- Born: Robert B. Schnabel December 18, 1950 (age 75) Queens, New York, US
- Education: Dartmouth College Cornell University
- Known for: Diversifying participation in information technology education and workforce Information technology literacy
- Awards: TechPoint Trailblazer in Technology Award (2014) A. Nico Habermann Award (2012) White House "Champion of Change" (2011) ACM Fellow (2010) SIAM Fellow (2009) ACM Recognition of Service Award (1993)
- Scientific career
- Fields: Computer Science Numerical computation Mathematical optimization
- Workplaces: University of Colorado Boulder Indiana University
- Doctoral advisor: John E. Dennis

= Robert B. Schnabel =

American computer scientist

Robert B. Schnabel (born December 18, 1950) is an American computer scientist. He was executive director and CEO of the Association for Computing Machinery (ACM) from November 1, 2015 to 2017. He is now professor and external chair of computer science at University of Colorado Boulder.

His academic specialty is numerical optimization, and he is known for promoting diversity and broadening participation in computing, engineering and mathematics.

==Life and career==

Schnabel was born in Queens, New York. He earned his A.B. degree in mathematics from Dartmouth College in 1971.

From 1973 to 1977, Schnabel studied computer science at the Cornell University, receiving his M.S. degree in 1975 and
Ph.D. degree in 1977.

Schnabel joined the faculty of the University of Colorado Boulder as an assistant professor in the Department of Computer Science in 1977. He remained at CU-Boulder for 30 years, becoming associate in 1980 and then full professor in 1988, chair of the Department of Computer Science in 1990, associate dean for academic affairs of the College of Engineering in 1995 and vice provost for academic and campus computing and chief information officer in 1998. Schnabel was founding director of the Alliance for Technology, Learning and Society (ATLAS) Institute at the University of Colorado Boulder.

Together with his former doctoral advisor John E. Dennis, Schnabel wrote a 1996 book on numerical optimization that has been cited more than 10,000 times in scholarly works (according to Google Scholar).

Schnabel was Dean and Professor of the School of Informatics and Computing at Indiana University, a position he held from 2007 to 2015.

Schnabel was a co-founder and director for 1997–2007 for the National Center for Women & Information Technology (NCWIT), a U.S. national non-profit organization aimed at increasing the participation of women and girls in information technology education and careers. He was the founding chair of the Association for Computing Machinery (ACM) Education Policy Committee, chair of the advisory committee for the Computing Alliance of Hispanic Serving Institutions (CAHSI), and a co-founder of the Alliance for the Advancement of African-American Researchers in Computing, and is a board member of Code.org, a non-profit organization for encouraging school students to study computer science.

Schnabel also served on the advisory committee for the National Science Foundation Directorate for Computer and Information Science and Engineering (NSF CISE), starting in 2012.

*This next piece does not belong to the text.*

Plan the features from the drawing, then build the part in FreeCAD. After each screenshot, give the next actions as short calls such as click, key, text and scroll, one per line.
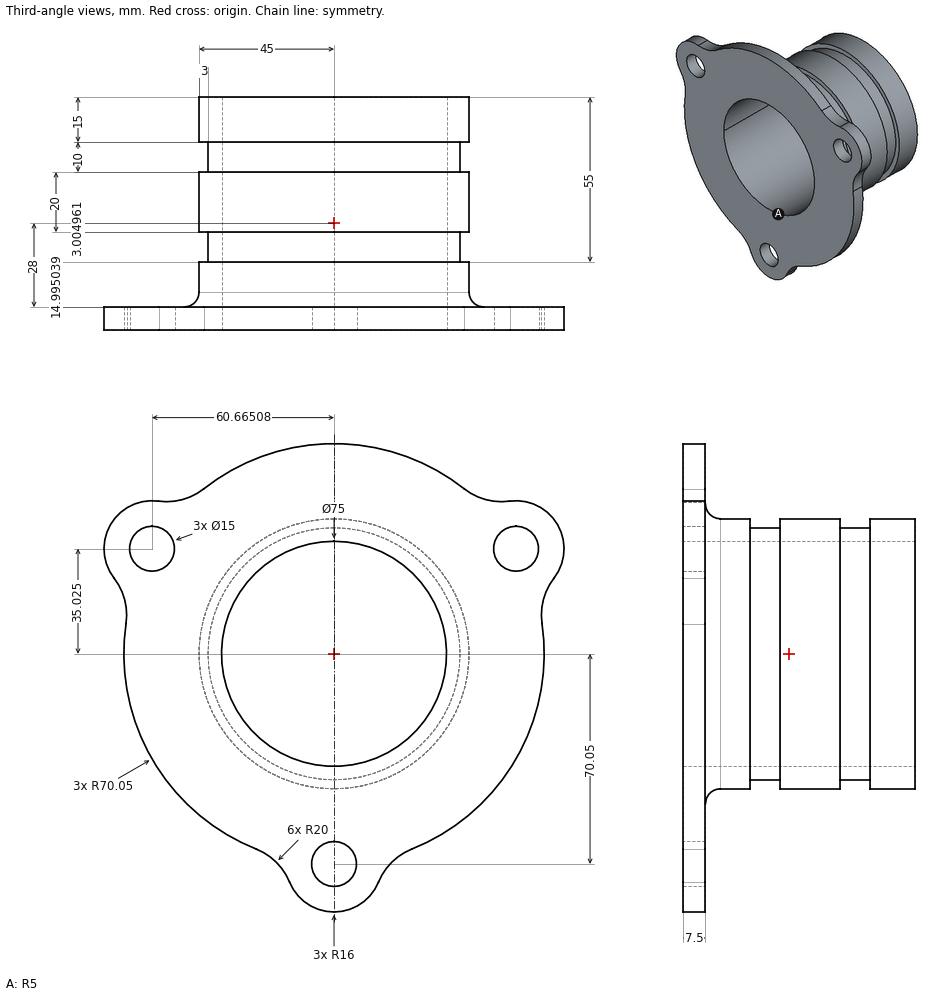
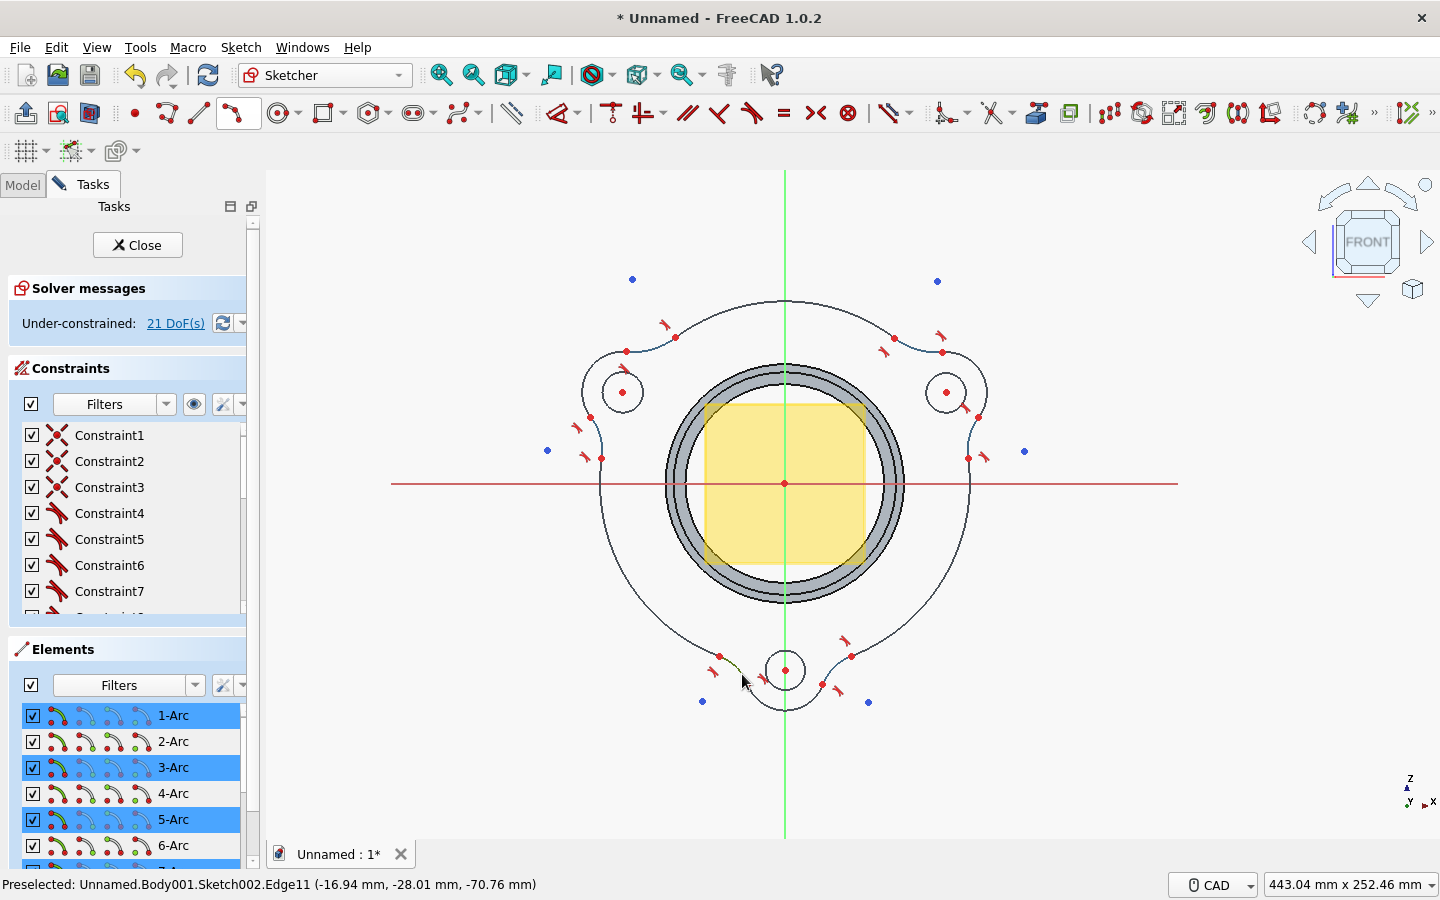
key(e)

Schnabel's research interests include numerical computation, numerical solution of unconstrained and constrained optimization problems, solution of systems of nonlinear equations, and nonlinear least squares. He has served as editor-in-chief of SIAM Review and as associate editor of several journals, including SIAM Journal on Optimization, Mathematical Programming A, Mathematical Programming B and Operations Research Letters.

==Honors and awards==

- TechPoint Trailblazer in Technology Award (2014)
- Computing Research Association A. Nico Habermann Award, together with Lucy Sanders and Telle Whitney (2012)
- White House "Champion of Change" (2011)
- ACM Fellow (2010) "For leadership of the computing community in education and diversity, and for contributions to numerical optimization."
- SIAM Fellow (2009) "For contributions to numerical optimization."